--- TRY IT ---
Produce an exact copy of all the data below, dropping every image.

--- GIVEN ENTRIES ---
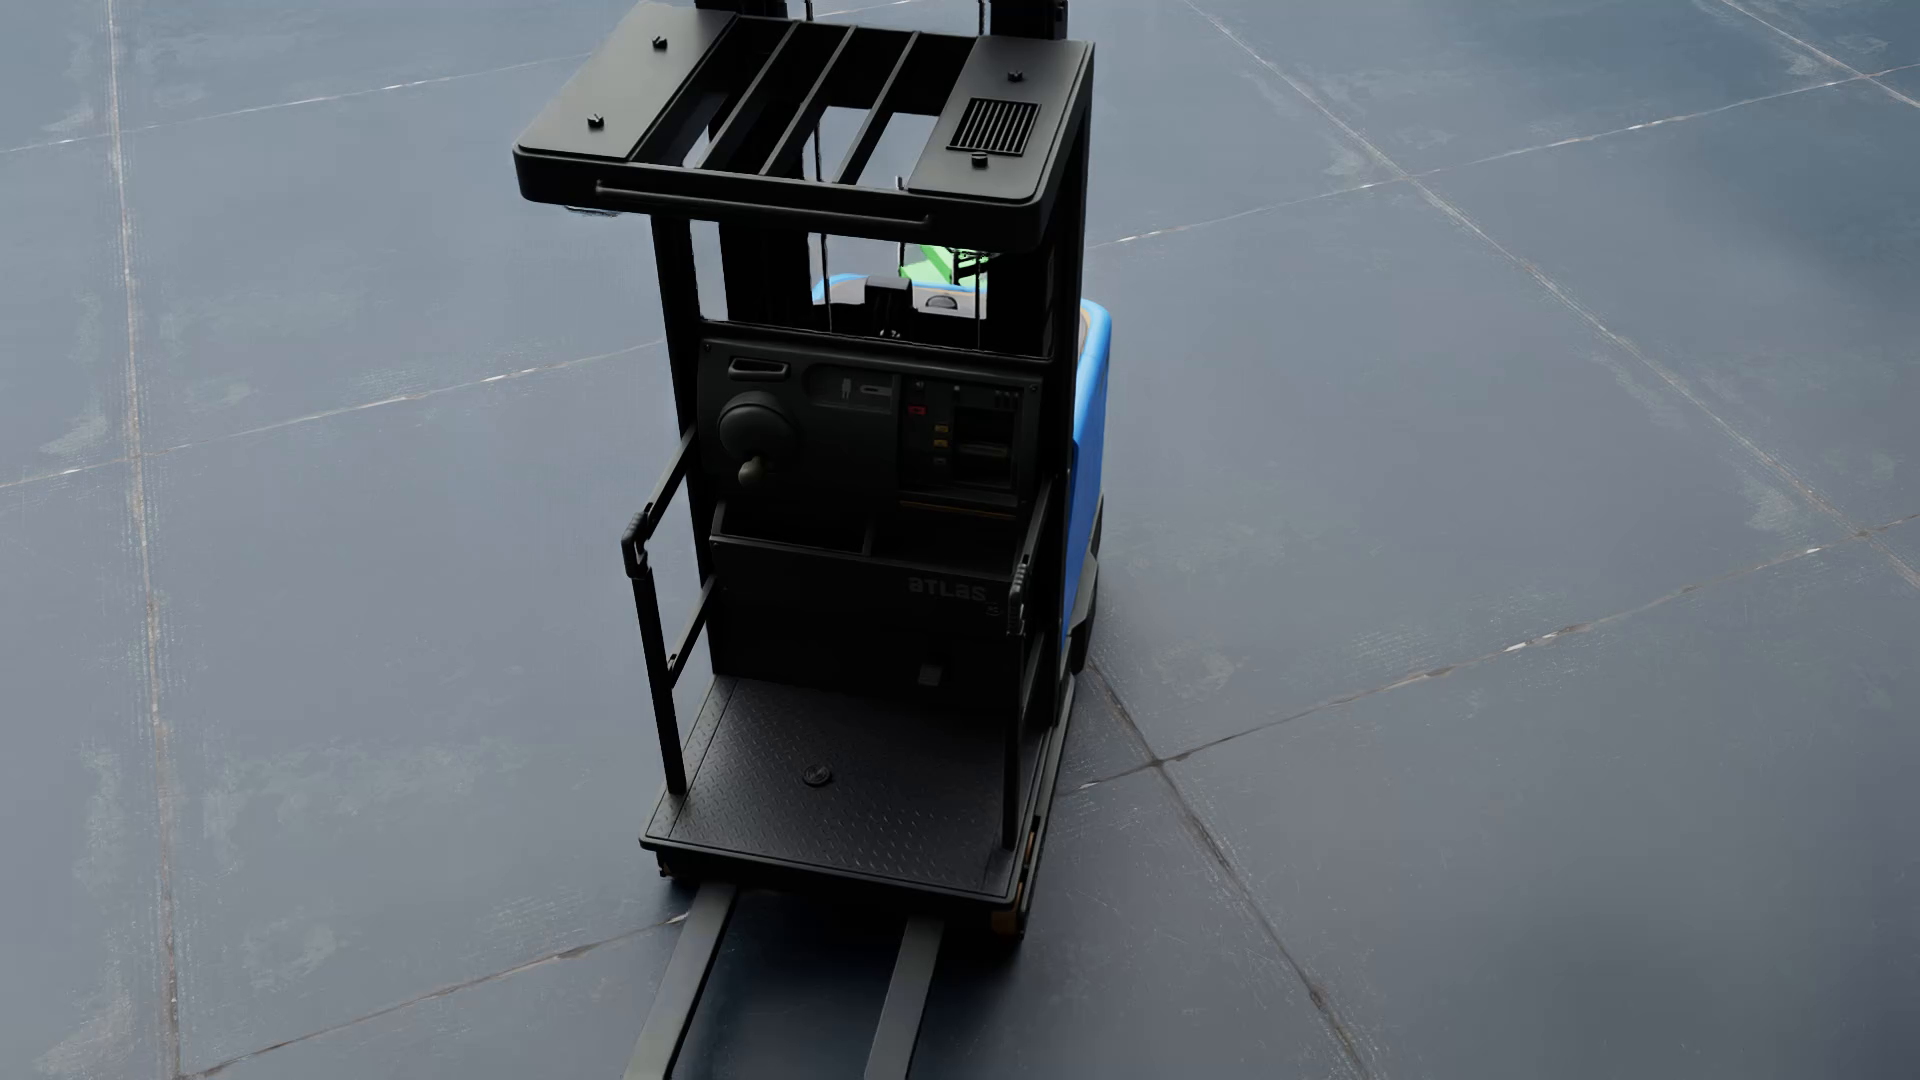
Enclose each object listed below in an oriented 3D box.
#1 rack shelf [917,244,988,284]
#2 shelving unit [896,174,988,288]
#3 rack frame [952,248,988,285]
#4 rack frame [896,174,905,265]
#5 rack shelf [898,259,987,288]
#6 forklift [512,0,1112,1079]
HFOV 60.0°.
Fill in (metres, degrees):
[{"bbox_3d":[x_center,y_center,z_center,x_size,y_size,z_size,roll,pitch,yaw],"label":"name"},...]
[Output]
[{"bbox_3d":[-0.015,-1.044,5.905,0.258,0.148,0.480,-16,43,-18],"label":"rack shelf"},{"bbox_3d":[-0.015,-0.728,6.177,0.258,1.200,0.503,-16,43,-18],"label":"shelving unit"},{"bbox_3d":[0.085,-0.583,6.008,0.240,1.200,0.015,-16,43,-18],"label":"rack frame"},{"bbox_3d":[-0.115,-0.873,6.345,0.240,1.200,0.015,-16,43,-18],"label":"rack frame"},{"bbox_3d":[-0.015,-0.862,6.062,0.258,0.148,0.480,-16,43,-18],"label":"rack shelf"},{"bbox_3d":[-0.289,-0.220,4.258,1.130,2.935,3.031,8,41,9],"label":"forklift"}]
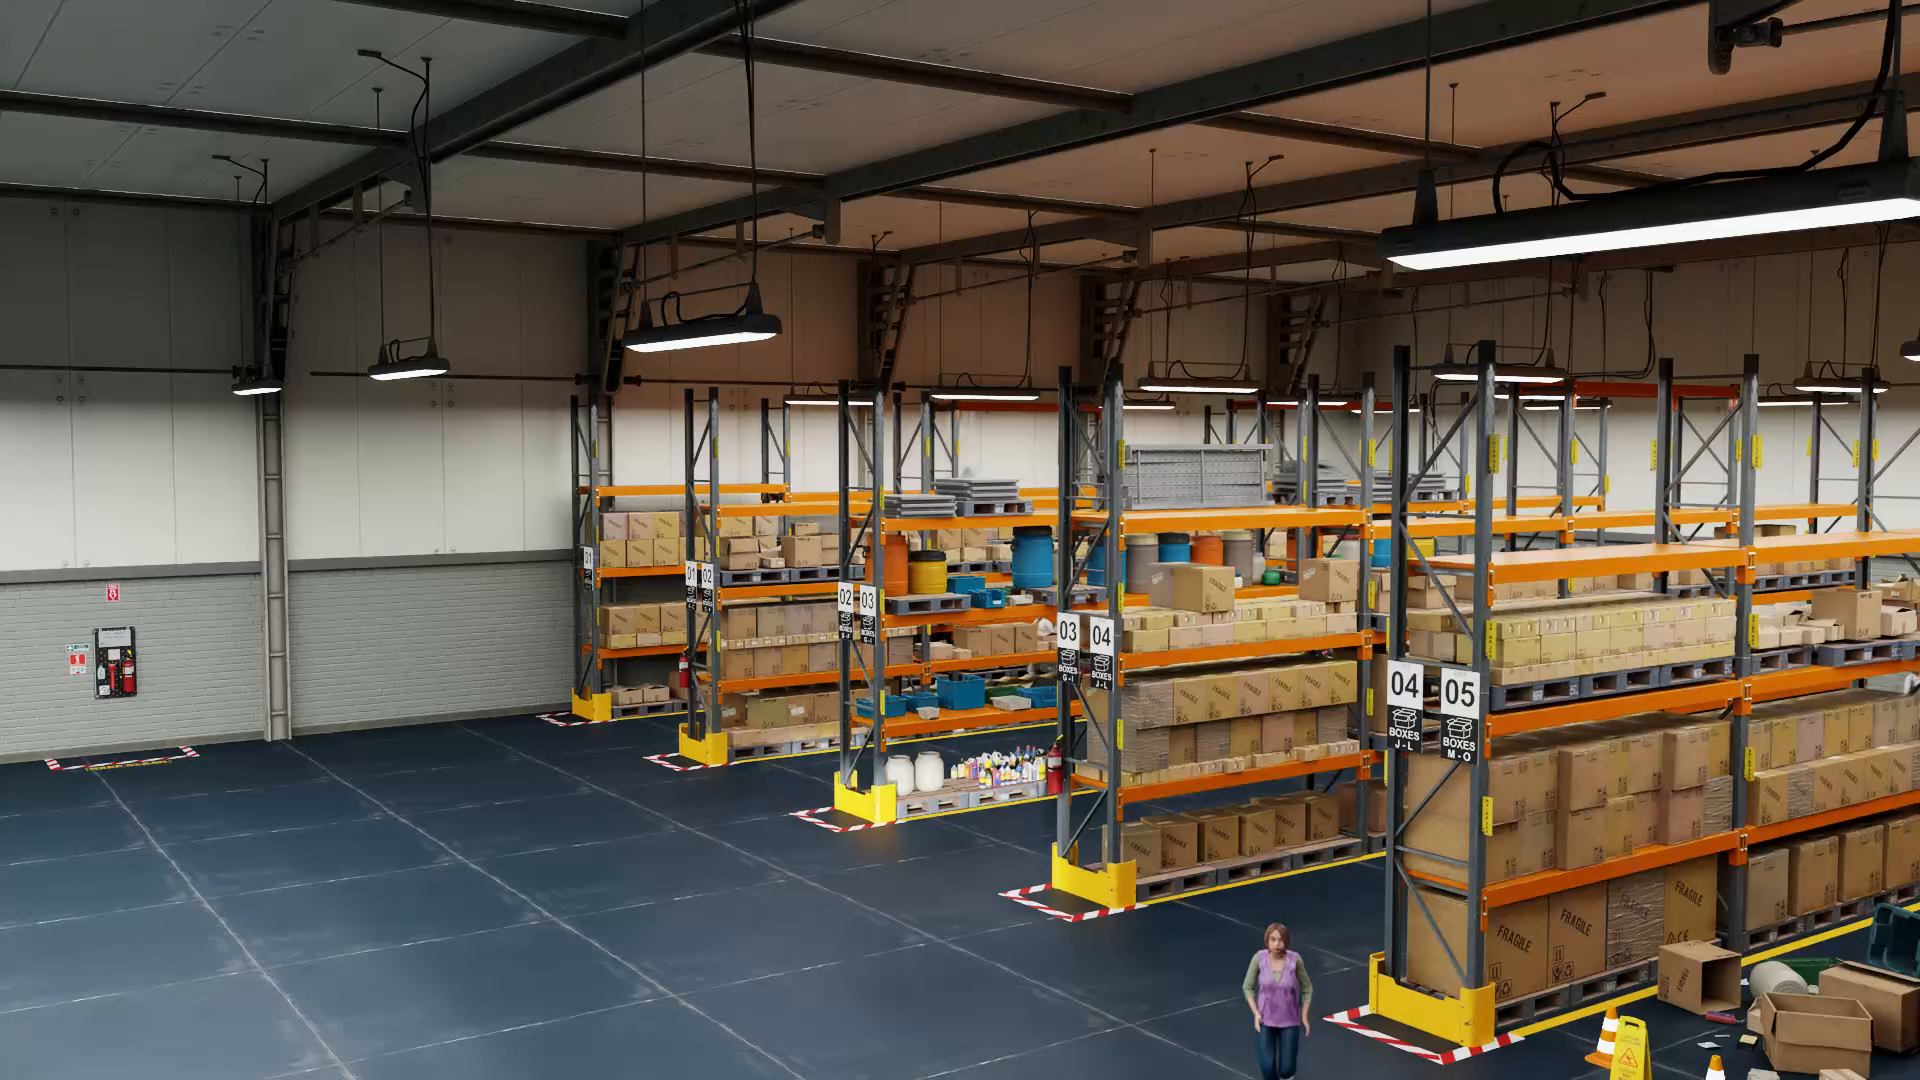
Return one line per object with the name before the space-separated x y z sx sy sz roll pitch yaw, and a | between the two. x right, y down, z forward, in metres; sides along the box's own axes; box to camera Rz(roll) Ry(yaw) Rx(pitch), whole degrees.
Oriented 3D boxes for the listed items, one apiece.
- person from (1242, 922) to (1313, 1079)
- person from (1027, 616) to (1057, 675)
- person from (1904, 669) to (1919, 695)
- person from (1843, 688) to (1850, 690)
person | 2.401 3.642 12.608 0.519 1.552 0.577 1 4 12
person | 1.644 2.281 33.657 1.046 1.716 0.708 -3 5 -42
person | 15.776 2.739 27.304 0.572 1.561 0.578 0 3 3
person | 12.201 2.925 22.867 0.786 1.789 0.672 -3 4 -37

--- TASK RESPONSE ---
Enclose each object listed below in an oriented 3D box.
#1 rack shelf [917,244,988,284]
#2 shelving unit [896,174,988,288]
#3 rack frame [952,248,988,285]
#4 rack frame [896,174,905,265]
#5 rack shelf [898,259,987,288]
#6 forklift [512,0,1112,1079]
HFOV 60.0°.
Fill in (metres, degrees):
[{"bbox_3d":[x_center,y_center,z_center,x_size,y_size,z_size,roll,pitch,yaw],"label":"name"},...]
[Output]
[{"bbox_3d":[-0.015,-1.044,5.905,0.258,0.148,0.480,-16,43,-18],"label":"rack shelf"},{"bbox_3d":[-0.015,-0.728,6.177,0.258,1.200,0.503,-16,43,-18],"label":"shelving unit"},{"bbox_3d":[0.085,-0.583,6.008,0.240,1.200,0.015,-16,43,-18],"label":"rack frame"},{"bbox_3d":[-0.115,-0.873,6.345,0.240,1.200,0.015,-16,43,-18],"label":"rack frame"},{"bbox_3d":[-0.015,-0.862,6.062,0.258,0.148,0.480,-16,43,-18],"label":"rack shelf"},{"bbox_3d":[-0.289,-0.220,4.258,1.130,2.935,3.031,8,41,9],"label":"forklift"}]
Return one line per object with the name before the space-separated x y z sx sy sz roll pitch yaw, and a | between the two. x right, y down, z forward, in metres; sides along the box's own axes; box to camera Rz(roll) Ry(yaw) Rx(pitch), whole degrees.
Oriented 3D boxes for the listed items, one apiece.
- person from (1242, 922) to (1313, 1079)
- person from (1027, 616) to (1057, 675)
- person from (1904, 669) to (1919, 695)
- person from (1843, 688) to (1850, 690)
person | 2.401 3.642 12.608 0.519 1.552 0.577 1 4 12
person | 1.644 2.281 33.657 1.046 1.716 0.708 -3 5 -42
person | 15.776 2.739 27.304 0.572 1.561 0.578 0 3 3
person | 12.201 2.925 22.867 0.786 1.789 0.672 -3 4 -37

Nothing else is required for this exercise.